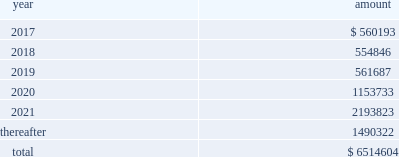New term loan a facility , with the remaining unpaid principal amount of loans under the new term loan a facility due and payable in full at maturity on june 6 , 2021 .
Principal amounts outstanding under the new revolving loan facility are due and payable in full at maturity on june 6 , 2021 , subject to earlier repayment pursuant to the springing maturity date described above .
In addition to paying interest on outstanding principal under the borrowings , we are obligated to pay a quarterly commitment fee at a rate determined by reference to a total leverage ratio , with a maximum commitment fee of 40% ( 40 % ) of the applicable margin for eurocurrency loans .
In july 2016 , breakaway four , ltd. , as borrower , and nclc , as guarantor , entered into a supplemental agreement , which amended the breakaway four loan to , among other things , increase the aggregate principal amount of commitments under the multi-draw term loan credit facility from 20ac590.5 million to 20ac729.9 million .
In june 2016 , we took delivery of seven seas explorer .
To finance the payment due upon delivery , we had export credit financing in place for 80% ( 80 % ) of the contract price .
The associated $ 373.6 million term loan bears interest at 3.43% ( 3.43 % ) with a maturity date of june 30 , 2028 .
Principal and interest payments shall be paid semiannually .
In december 2016 , nclc issued $ 700.0 million aggregate principal amount of 4.750% ( 4.750 % ) senior unsecured notes due december 2021 ( the 201cnotes 201d ) in a private offering ( the 201coffering 201d ) at par .
Nclc used the net proceeds from the offering , after deducting the initial purchasers 2019 discount and estimated fees and expenses , together with cash on hand , to purchase its outstanding 5.25% ( 5.25 % ) senior notes due 2019 having an aggregate outstanding principal amount of $ 680 million .
The redemption of the 5.25% ( 5.25 % ) senior notes due 2019 was completed in january 2017 .
Nclc will pay interest on the notes at 4.750% ( 4.750 % ) per annum , semiannually on june 15 and december 15 of each year , commencing on june 15 , 2017 , to holders of record at the close of business on the immediately preceding june 1 and december 1 , respectively .
Nclc may redeem the notes , in whole or part , at any time prior to december 15 , 2018 , at a price equal to 100% ( 100 % ) of the principal amount of the notes redeemed plus accrued and unpaid interest to , but not including , the redemption date and a 201cmake-whole premium . 201d nclc may redeem the notes , in whole or in part , on or after december 15 , 2018 , at the redemption prices set forth in the indenture governing the notes .
At any time ( which may be more than once ) on or prior to december 15 , 2018 , nclc may choose to redeem up to 40% ( 40 % ) of the aggregate principal amount of the notes at a redemption price equal to 104.750% ( 104.750 % ) of the face amount thereof with an amount equal to the net proceeds of one or more equity offerings , so long as at least 60% ( 60 % ) of the aggregate principal amount of the notes issued remains outstanding following such redemption .
The indenture governing the notes contains covenants that limit nclc 2019s ability ( and its restricted subsidiaries 2019 ability ) to , among other things : ( i ) incur or guarantee additional indebtedness or issue certain preferred shares ; ( ii ) pay dividends and make certain other restricted payments ; ( iii ) create restrictions on the payment of dividends or other distributions to nclc from its restricted subsidiaries ; ( iv ) create liens on certain assets to secure debt ; ( v ) make certain investments ; ( vi ) engage in transactions with affiliates ; ( vii ) engage in sales of assets and subsidiary stock ; and ( viii ) transfer all or substantially all of its assets or enter into merger or consolidation transactions .
The indenture governing the notes also provides for events of default , which , if any of them occurs , would permit or require the principal , premium ( if any ) , interest and other monetary obligations on all of the then-outstanding notes to become due and payable immediately .
Interest expense , net for the year ended december 31 , 2016 was $ 276.9 million which included $ 34.7 million of amortization of deferred financing fees and a $ 27.7 million loss on extinguishment of debt .
Interest expense , net for the year ended december 31 , 2015 was $ 221.9 million which included $ 36.7 million of amortization of deferred financing fees and a $ 12.7 million loss on extinguishment of debt .
Interest expense , net for the year ended december 31 , 2014 was $ 151.8 million which included $ 32.3 million of amortization of deferred financing fees and $ 15.4 million of expenses related to financing transactions in connection with the acquisition of prestige .
Certain of our debt agreements contain covenants that , among other things , require us to maintain a minimum level of liquidity , as well as limit our net funded debt-to-capital ratio , maintain certain other ratios and restrict our ability to pay dividends .
Substantially all of our ships and other property and equipment are pledged as collateral for certain of our debt .
We believe we were in compliance with these covenants as of december 31 , 2016 .
The following are scheduled principal repayments on long-term debt including capital lease obligations as of december 31 , 2016 for each of the next five years ( in thousands ) : .
We had an accrued interest liability of $ 32.5 million and $ 34.2 million as of december 31 , 2016 and 2015 , respectively. .
From 2014 to 2016 , what was the total amount of money they can deduct from their future income tax due to amortization? 
Rationale: to find the total amount of money they can deduct from future income tax due to amortization , one must added up the amount of amortization from the years of 201420152016
Computations: (32.3 + (34.7 + 36.7))
Answer: 103.7. 
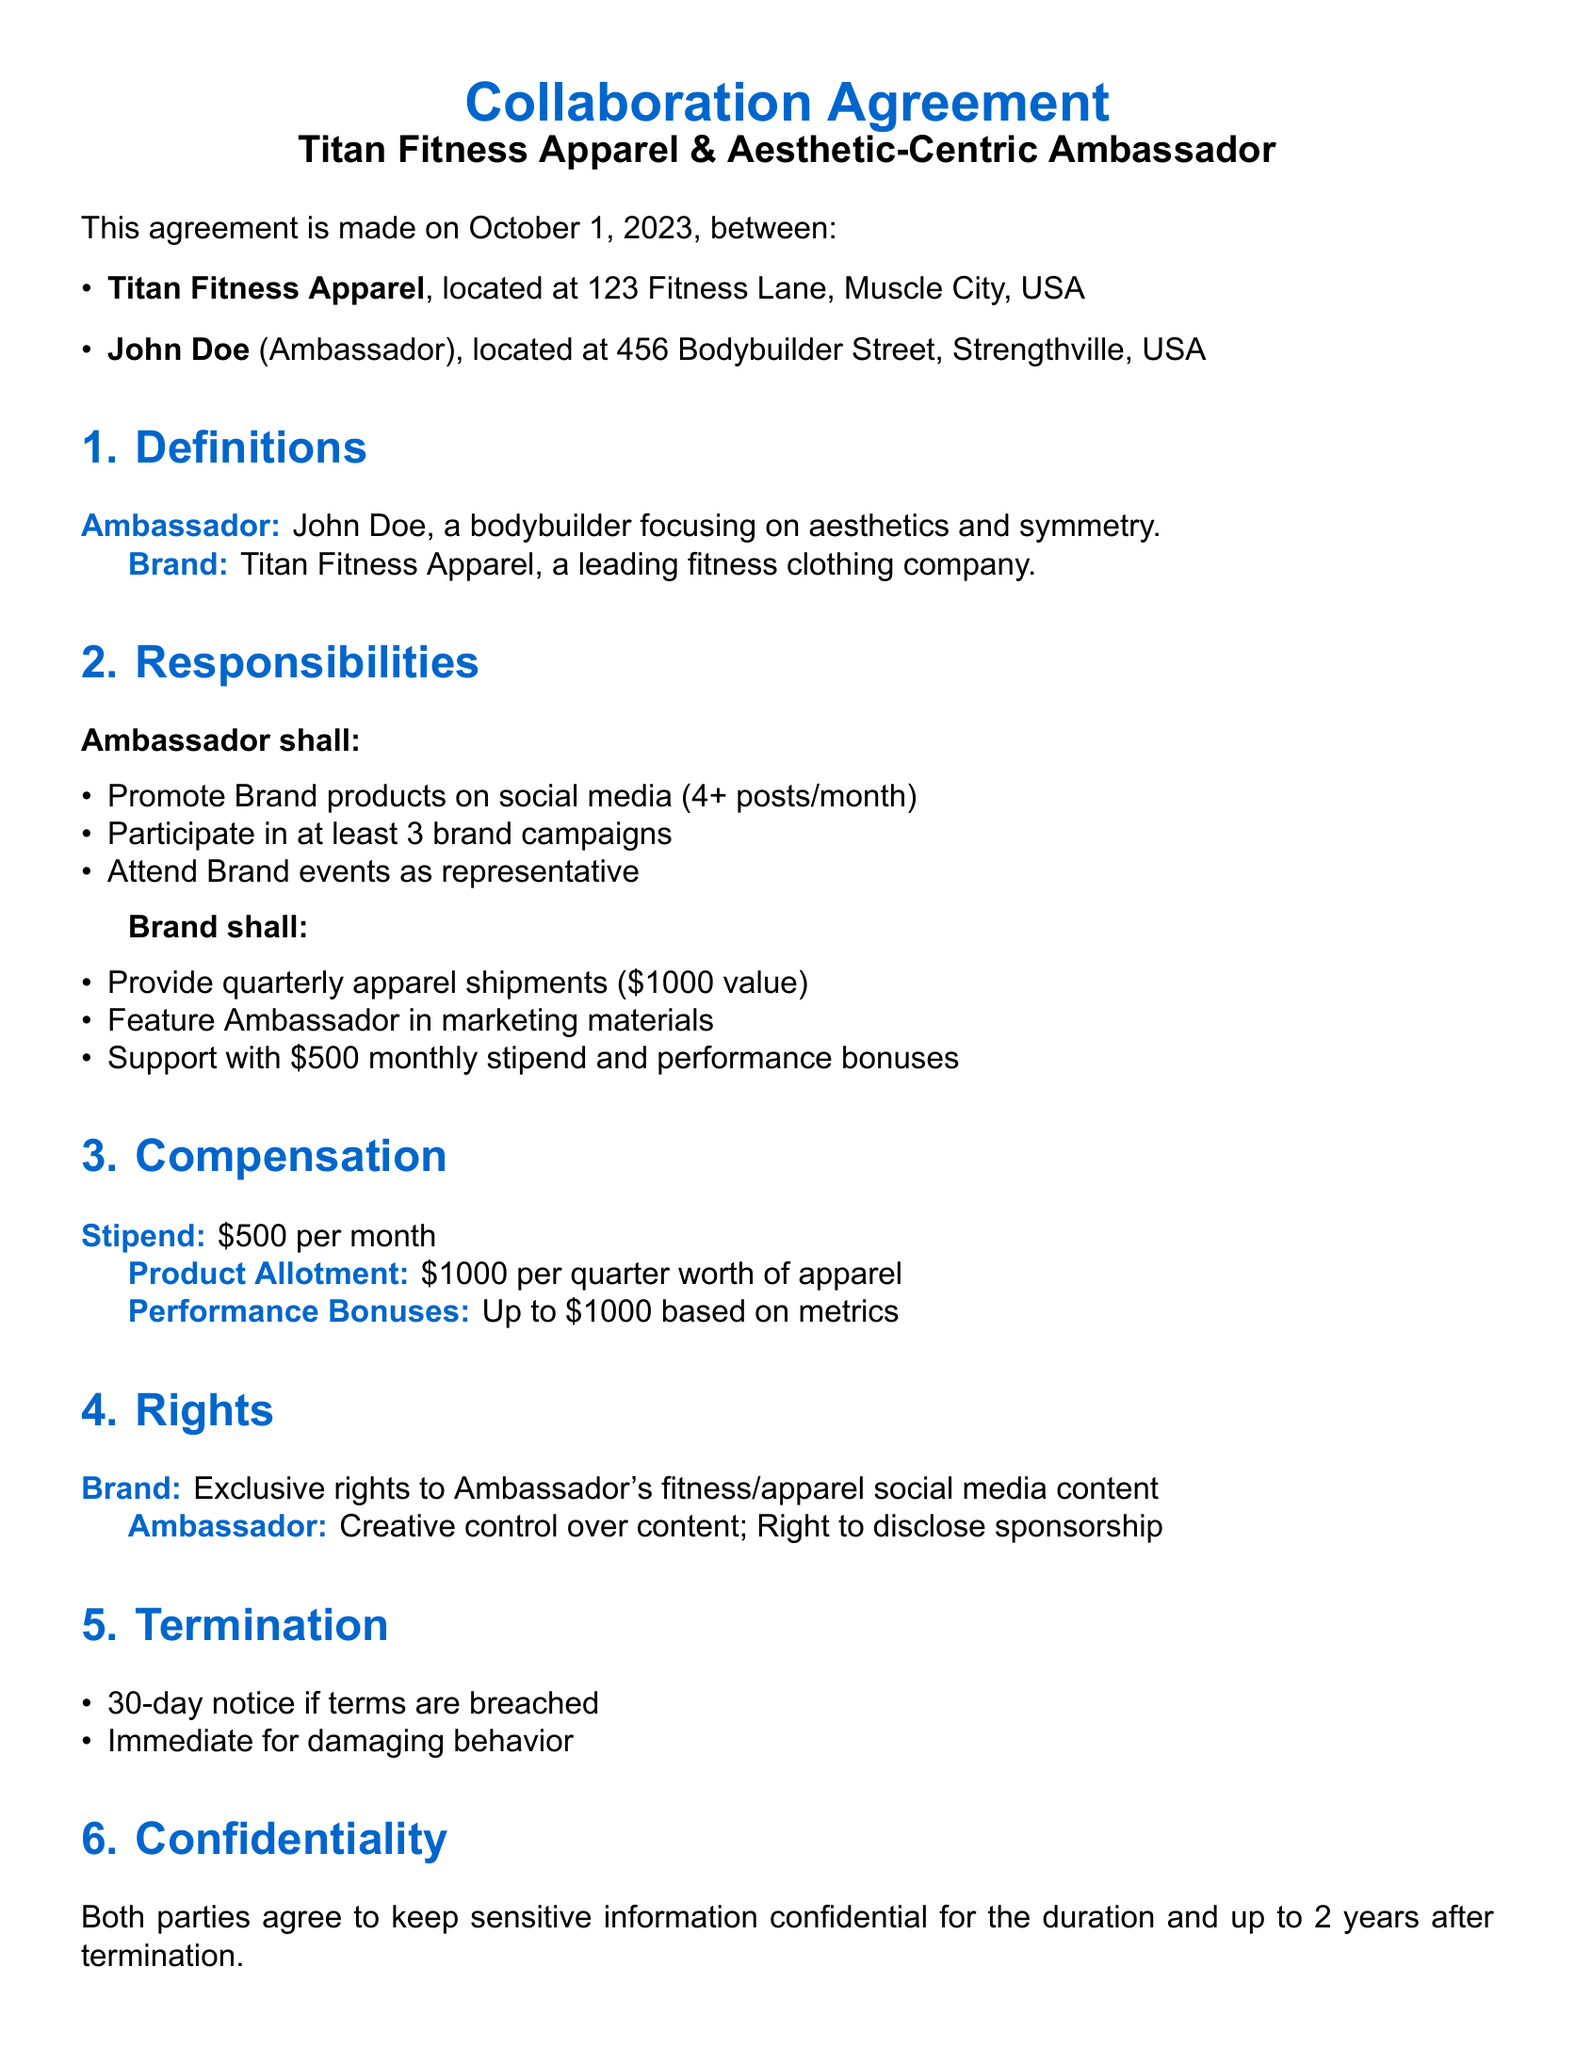What is the date of the agreement? The date of the agreement is explicitly stated in the document.
Answer: October 1, 2023 Who is the Ambassador? The Ambassador's name is mentioned in the document.
Answer: John Doe What is the value of the quarterly apparel shipments? The document specifies the total value of apparels provided quarterly.
Answer: $1000 How many brand campaigns must the Ambassador participate in? The required number of campaigns for participation is provided in the responsibilities.
Answer: 3 What is the monthly stipend provided to the Ambassador? The compensation for the Ambassador including stipends is included in the contract.
Answer: $500 What exclusive rights does the Brand have over the Ambassador's content? The rights given to the Brand regarding the Ambassador's content are elaborated upon.
Answer: Exclusive rights What is the notice period for termination due to breach of terms? The document details the required notice period for contract termination.
Answer: 30-day notice How long must sensitive information remain confidential? The duration for which confidentiality must be maintained is stated in the agreement.
Answer: 2 years In which state is this agreement governed? The governing law for the contract is mentioned in a specific section.
Answer: California
+ + +
→ **WHAT IS BEING ASKED**
Only the lines from the one containing "Rationale: to find" through the last line of the material are to be restated word for word; no picture is to be included.

→ **SOLVED PROBLEM**
Rationale: to find the total amount of money they can deduct from future income tax due to amortization , one must added up the amount of amortization from the years of 201420152016
Computations: (32.3 + (34.7 + 36.7))
Answer: 103.7. 
What is the date of the agreement? The date of the agreement is explicitly stated in the document.
Answer: October 1, 2023 Who is the Ambassador? The Ambassador's name is mentioned in the document.
Answer: John Doe What is the value of the quarterly apparel shipments? The document specifies the total value of apparels provided quarterly.
Answer: $1000 How many brand campaigns must the Ambassador participate in? The required number of campaigns for participation is provided in the responsibilities.
Answer: 3 What is the monthly stipend provided to the Ambassador? The compensation for the Ambassador including stipends is included in the contract.
Answer: $500 What exclusive rights does the Brand have over the Ambassador's content? The rights given to the Brand regarding the Ambassador's content are elaborated upon.
Answer: Exclusive rights What is the notice period for termination due to breach of terms? The document details the required notice period for contract termination.
Answer: 30-day notice How long must sensitive information remain confidential? The duration for which confidentiality must be maintained is stated in the agreement.
Answer: 2 years In which state is this agreement governed? The governing law for the contract is mentioned in a specific section.
Answer: California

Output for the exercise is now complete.